Alternative fracturing treatments have been explored by incorporating gaseous materials into fracturing fluids in order to form a gas phase at the wellhead or at the formation being fractured or both. In “foam fracturing”, a foam is generated of a desired Mitchell quality which is then introduced through the wellbore into the formation. For instance, U.S. Pat. No. 3,937,283 discloses a hydraulic fracturing process employing a foam formed of a gas (such as nitrogen, carbon dioxide, air or a hydrocarbon gas) and a liquid (such as water or an oil base liquid). The foam is characterized as having a foam, or Mitchell, quality within the range of 52.4% to 99.99% and preferably between the ranges of 60% to 85%. The pressure at which the foam is pumped into the well is such that a fracture of the hydrocarbon-bearing formation is created. The foam easily exits the well when pressure is released from the wellhead. The reduction in pressure causes the foam to expand.
It is known that in order to successfully carry proppant particulates into a formation, the foamed fluid must exhibit a fine, uniform texture rather than a coarse texture. Over a foam quality of 85%, foamed fluids have been known to exhibit a coarse structure. Coarse textures destabilize the foam, causing the foam to disintegrate and break apart. In addition to increasing stability of the foam, a fine texture is also known to affect viscosity of the foam. With fine textured foams defined by bubbles of small diameter, interaction amongst the bubbles increases which, in turn, increases the viscosity of the fluid.
Further, conventional fracturing operations, including those wherein a gaseous material is incorporated into the fracturing fluid, have been found to be inappropriate for the creation of partial monolayer fractures. Partial monolayer fractures are created by a proppant pack having proppant particulates widely spaced from each other, the proppant pack exhibiting the requisite strength to hold fractures open and thus allow the production of hydrocarbons from the formation.

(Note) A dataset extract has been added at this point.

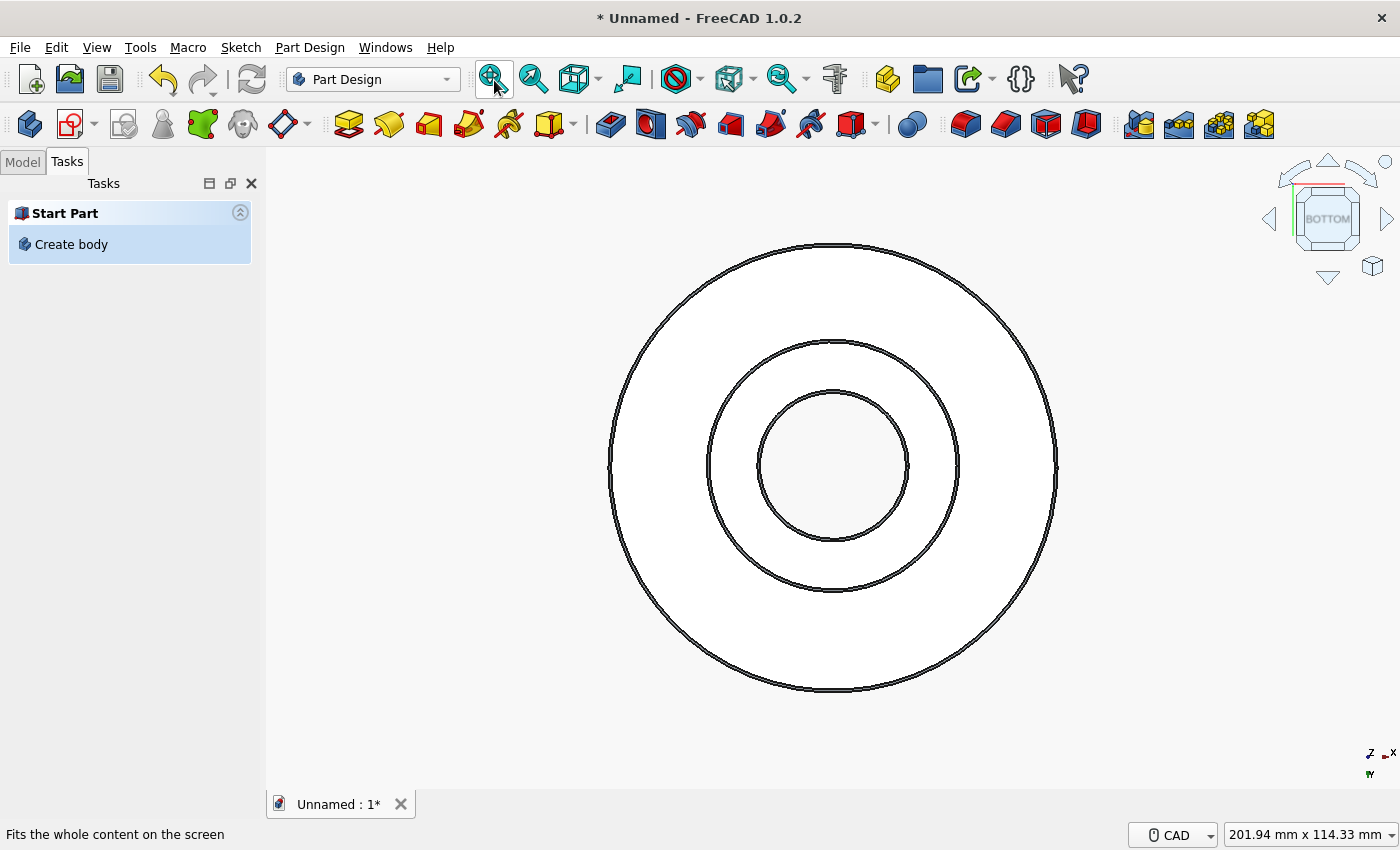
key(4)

The efficiency of a partial monolayer fracture is dependent on fracture porosity and conductivity once the fracturing operation is stopped and production commences. Fracture porosity is dependent upon the area concentration of the proppant placed, the proppant size, and mechanical properties, e.g., modulus, of the proppant. It is important that proppant packs forming partial monolayer fractures exhibit high porosity. The high conductivity of the created fractures is attributable to the ability of produced fluids to flow around the widely spaced proppant particulates instead of being confined to the relatively small interstitial spaces evidenced in the packed proppant bed.

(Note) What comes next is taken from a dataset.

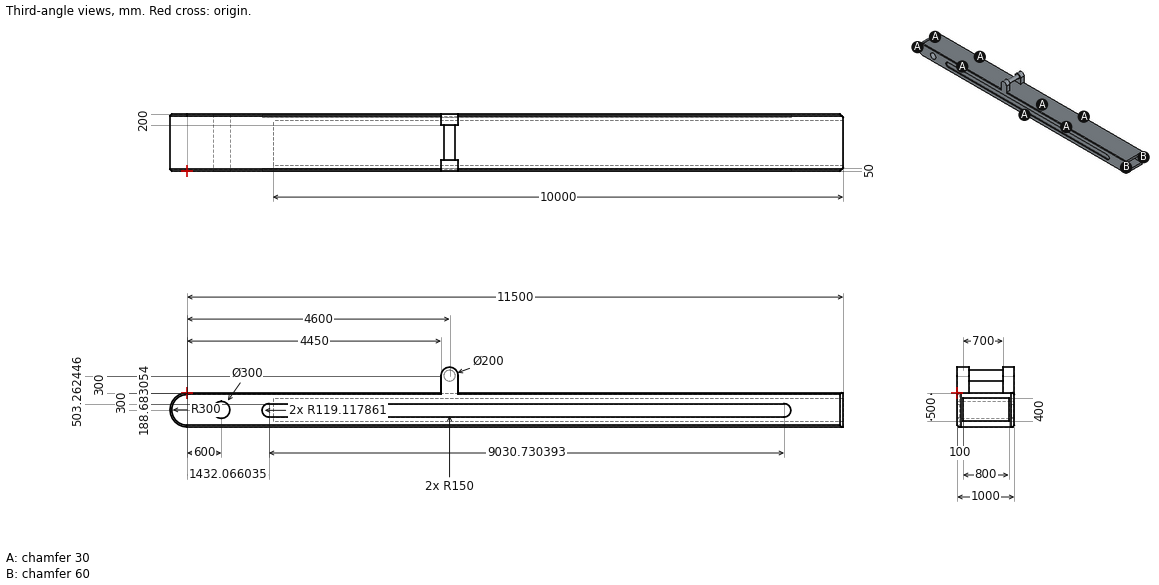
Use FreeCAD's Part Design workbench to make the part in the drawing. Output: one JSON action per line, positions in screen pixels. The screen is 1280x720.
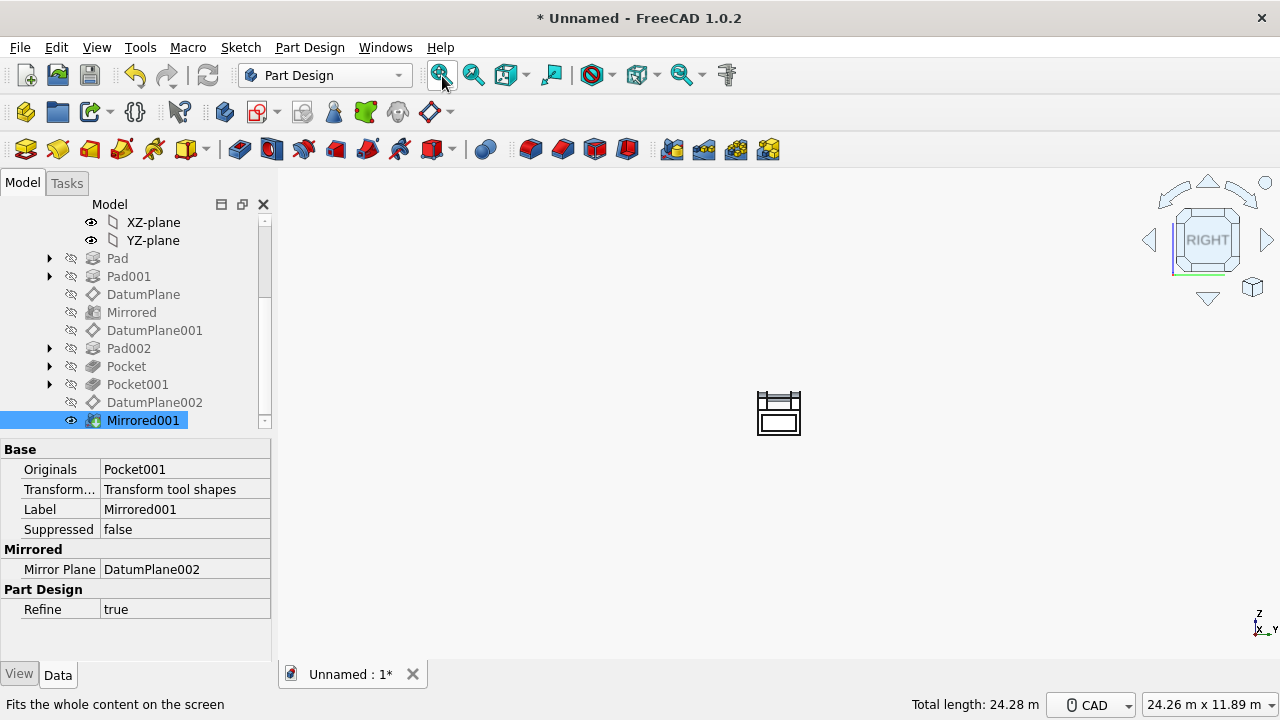
{"action": "key", "text": "5"}

Alternative hydraulic fracturing methodologies have been sought which provide increased conductive fracture areas and increased effective propped fracture lengths. Such alternative methodologies need to render improved stimulation efficiency and well productivity and provide a means to create partial monolayer fractures. In addition, such methodologies need to minimize or eliminate the reservoir damage evidenced from the use of liquid fracturing fluids.